En fait ce sont les bons résultats de l’Egypte et de la Libye qui ont permis d’équilibrer la situation générale du continent africain.

L’Algérie a bu la tasse en 2015 avec -587 millions de dollars d’IDE, très loin du 1,5 milliard de dollars en 2014. On parle carrément de désinvestissements massifs (-139 %). Le Maroc a bien mieux résisté avec -11,2 % à 3,16 milliards de dollars

L’Angola, meilleur élève de la classe

Par contre pour l’Angola, premier production de pétrole du continent et qui souffre terriblement de la chute des cours du brut, 2015 a été une année faste, d’après le rapport de la Cnuced. Les IDE auraient carrément bondi de +352 % à 8,7 milliards de dollars en 2015. Un répit après les sombres années 2012 et 2013, où les investisseurs ont déserté massivement le pays. On estime à 7 milliards de dollars par an les sommes retirées. La reprise a été amorcée en 2014, avec +1,9 milliard de dollars d’IDE.
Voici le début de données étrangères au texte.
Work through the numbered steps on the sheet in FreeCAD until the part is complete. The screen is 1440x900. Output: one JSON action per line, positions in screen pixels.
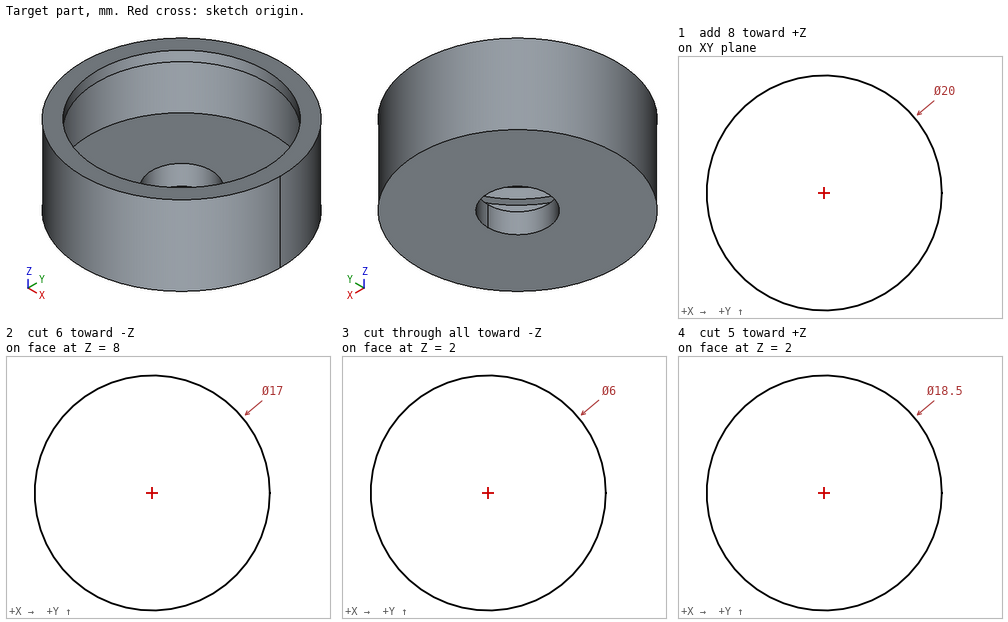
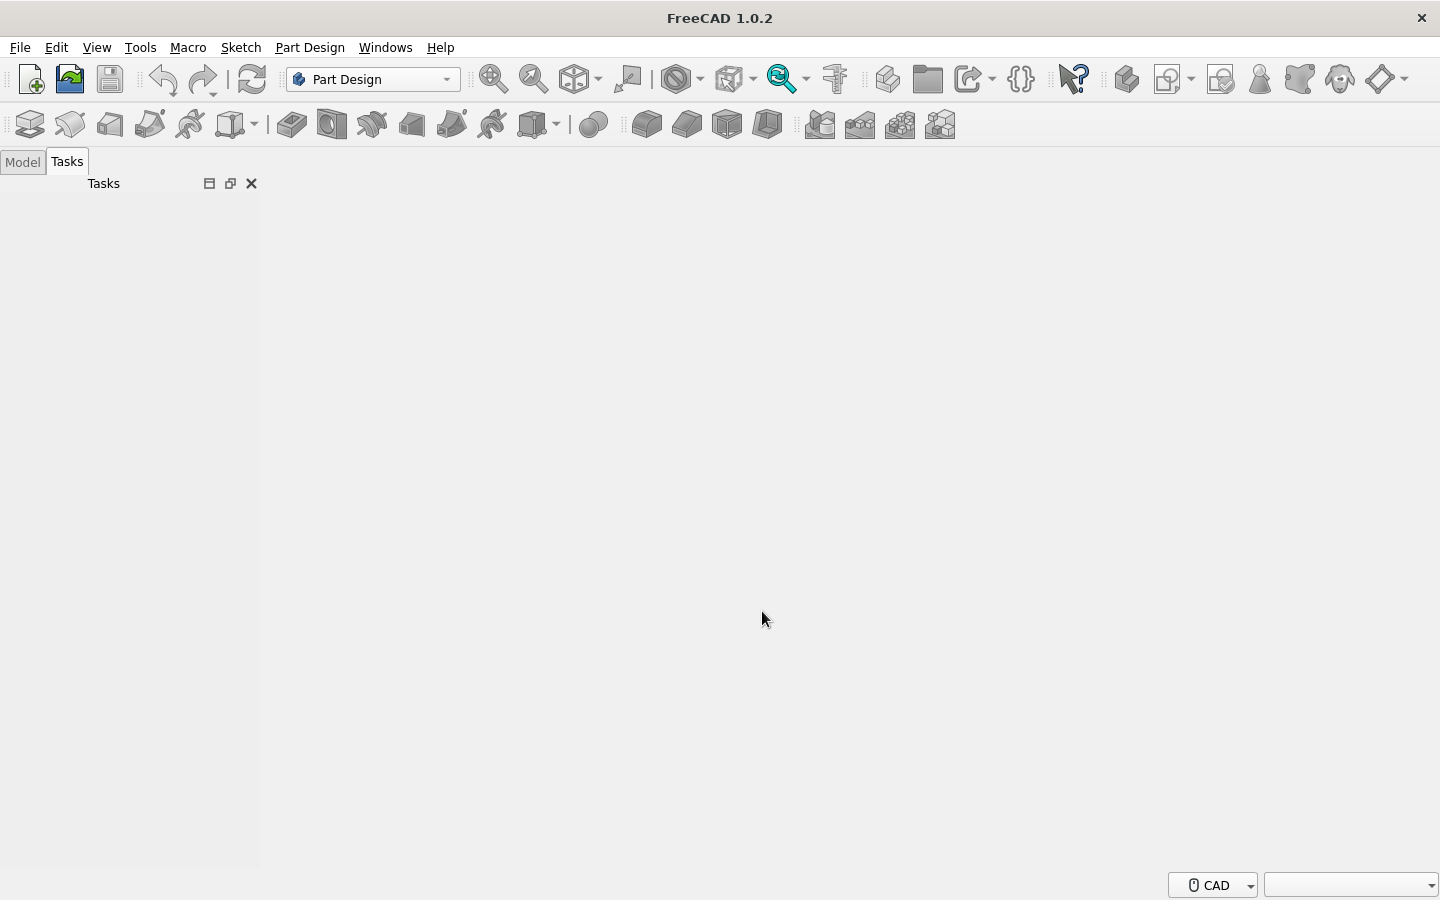
{"action": "key", "text": "ctrl+n"}

Toutefois la Cnuced fait une précision de taille : Cette embellie sur le front des IDE « consiste essentiellement en des prêts accordés par des groupes internationaux à leurs filiales locales » frappées de plein fouet par la crise économique dans le pays. Néanmoins l’organisation onusienne reconnait des avancées dans le secteur des hydrocarbures, comme le gros investissement de Puma Energy dans un terminal géant à Luanda.

La reprise est déjà perceptible

Au premier trimestre 2016, l’Afrique a capté a 29 milliards de dollars d’IDE, une augmentation de +25 % en comparaison avec la même période en 2015.

D’après la Cnuced, ce sont les secteurs des services (électricité, gaz, eau, construction et transport) et de l’industrie manufacturière (alimentation, boissons et automobile) qui devraient plus profiter de ce regain d’intérêt des investisseurs pour l’Afrique.